Although not often reported in the mainstream media, Mr. Khan said he witnessed Muslim aid organizations from Turkey, U.A.E, Britain, South Africa, Canada, Qatar and Pakistan, providing assistance in Haiti.

Khan is the executive director of Toronto’s North American Muslim Foundation (NAMF). He was there January 19 – 26.

“I saw destruction. It was like Dresden after World War II. The main downtown core is destroyed. There's debris everywhere. The presidential palace, Ministry of Revenue and Ministry of the Interior buildings and most other government buildings have been either completely flattened or badly damaged.”

Ironically, Mr. Khan said that on the outskirts of Port-au-Prince, he saw big buildings that had collapsed while houses remained standing next to them.

Port-au-Prince is the capital and largest city of Haiti, in the southwest part of the country, on an arm of the Caribbean Sea. Founded by French sugar planters in 1749, it became the colonial capital in 1770 and the capital of independent Haiti in 1804. The population is 1,150,000.

Meanwhile, this destruction has left Haiti a lawless land, with no police and no functioning government, Mr. Khan said you can go into Haiti from the Domincan Republic with no check.

He said Haiti is a failed state that is now even worse than before and the world has a moral responsibility to so something.

We see continuous media reports about the U.S. sending 10,000 troops, but not many reports about exactly what it is they're doing in Haiti. Mr. Khan said that other than the U.N. Compound, U.S. Troops are not easy to find in Haiti.

“At the UN compound, I saw organizations from all over the world. There were hundreds of U.N. Vehicles (in the compound) but very few outside. We hear reports of 10,000 U.S. troops. God knows where they are. I didn't see any (other than a few at the U.N. Compound). Maybe they're at the airport. I don't know; I wasn't there.”

After witnessing the squalid conditions people are living in, Mr. Khan concluded that while troops for security in a lawless land are a necessity, the U.S. should have done more.

“Americans have a much higher responsibility. Instead of sending 10,000 troops, they should have sent 10,000 doctors, nurses, relief workers, engineers and construction personnel.
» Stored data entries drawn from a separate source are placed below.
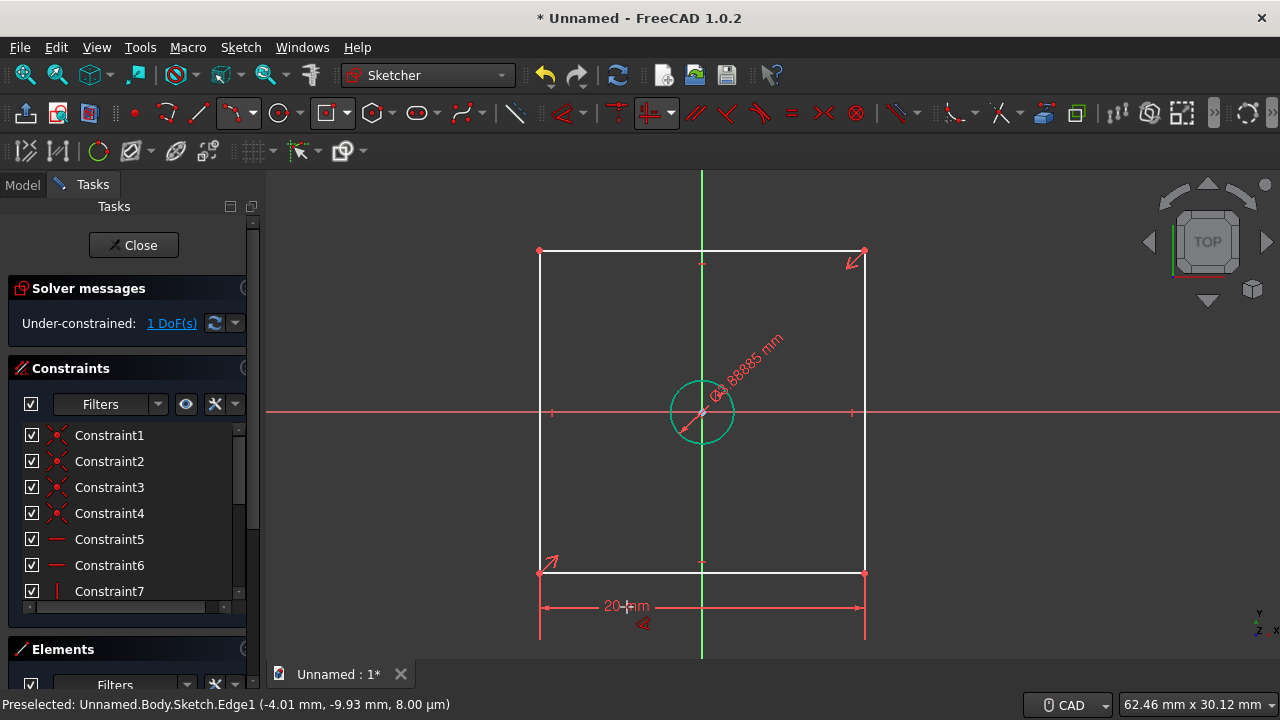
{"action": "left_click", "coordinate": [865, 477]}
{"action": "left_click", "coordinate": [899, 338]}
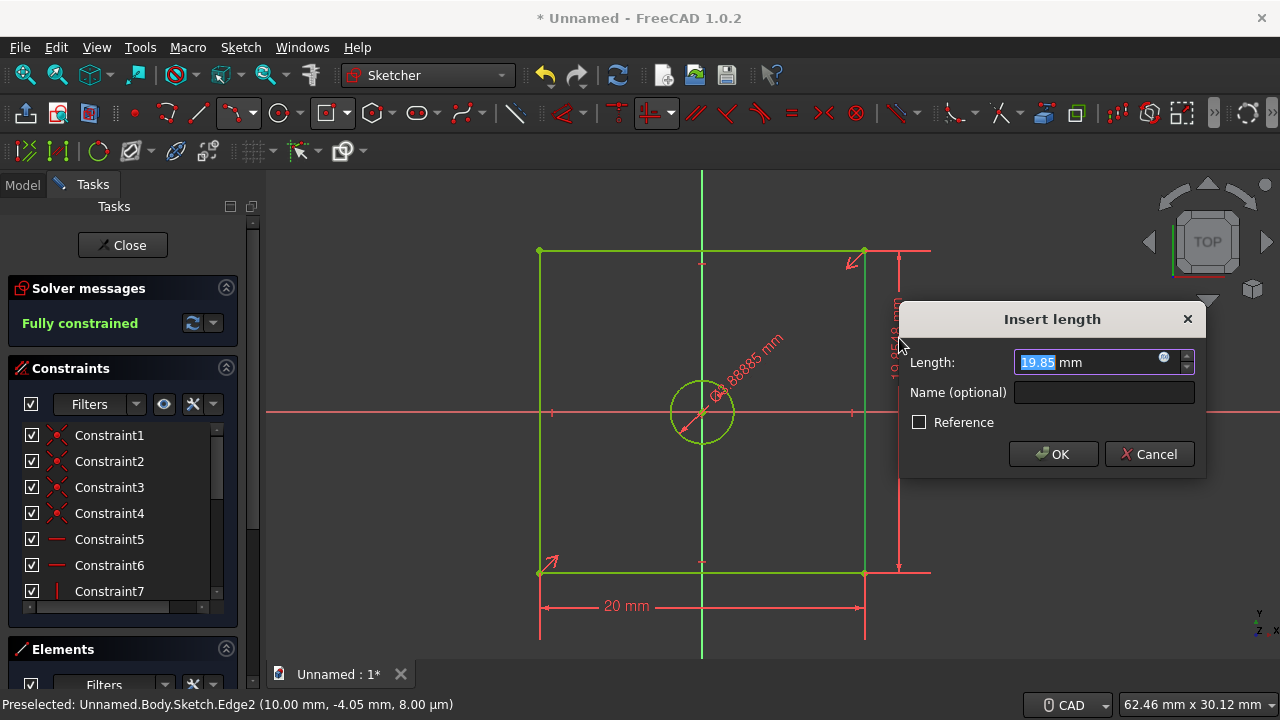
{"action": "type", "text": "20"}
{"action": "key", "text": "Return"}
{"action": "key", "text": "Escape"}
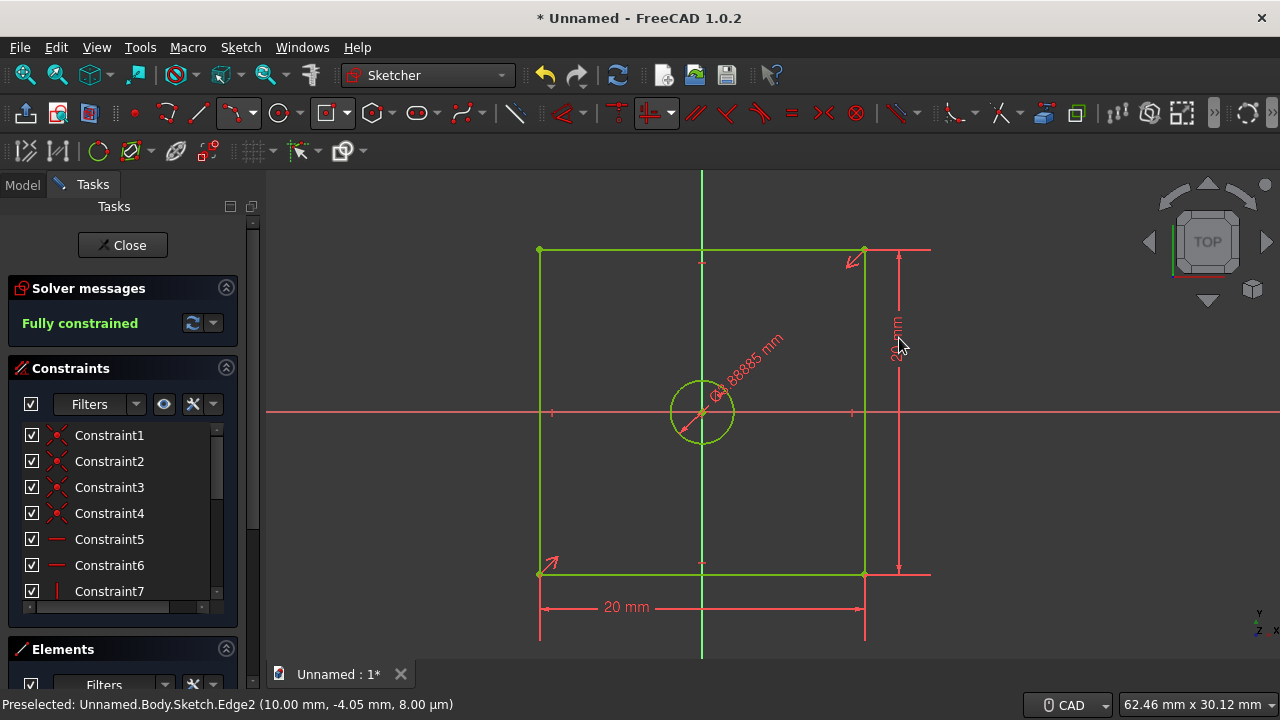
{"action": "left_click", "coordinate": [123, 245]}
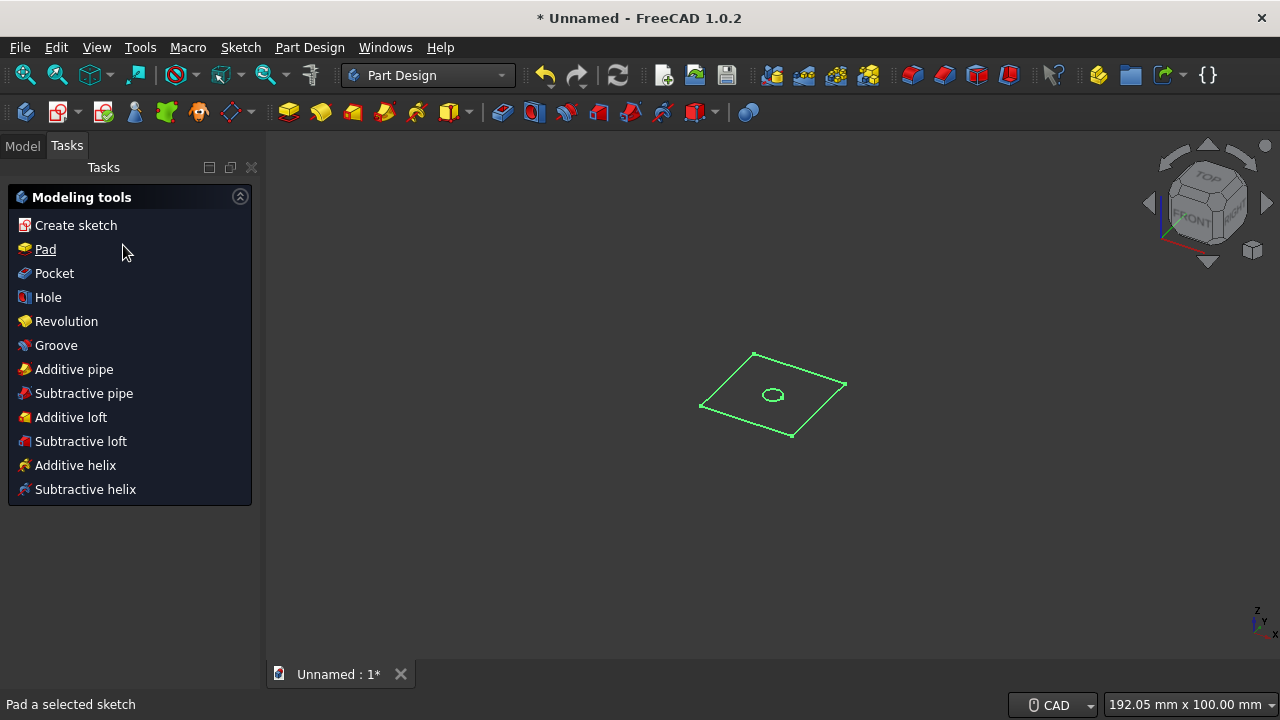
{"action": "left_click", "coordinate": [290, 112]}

These people have not come in as huge numbers as they should have.”

Upon arriving at refugee camps in the Port-au-Prince area with supplies of rice, beans, sardines, dry milk, biscuits, toothpaste, toilet paper,  women's hygiene products, and bottle water, Mr. Khan witnessed mayhem like he'd not seen in Kashmir after the 2005 earthquake and Indonesian after the 2004 tsunami.

“When the truck stopped people rushed it. We experienced this at every refugee camp we went to. We had to go to a mosque to off-load the supplies. Maybe the destruction was so far and wide that the aid is not sufficient.”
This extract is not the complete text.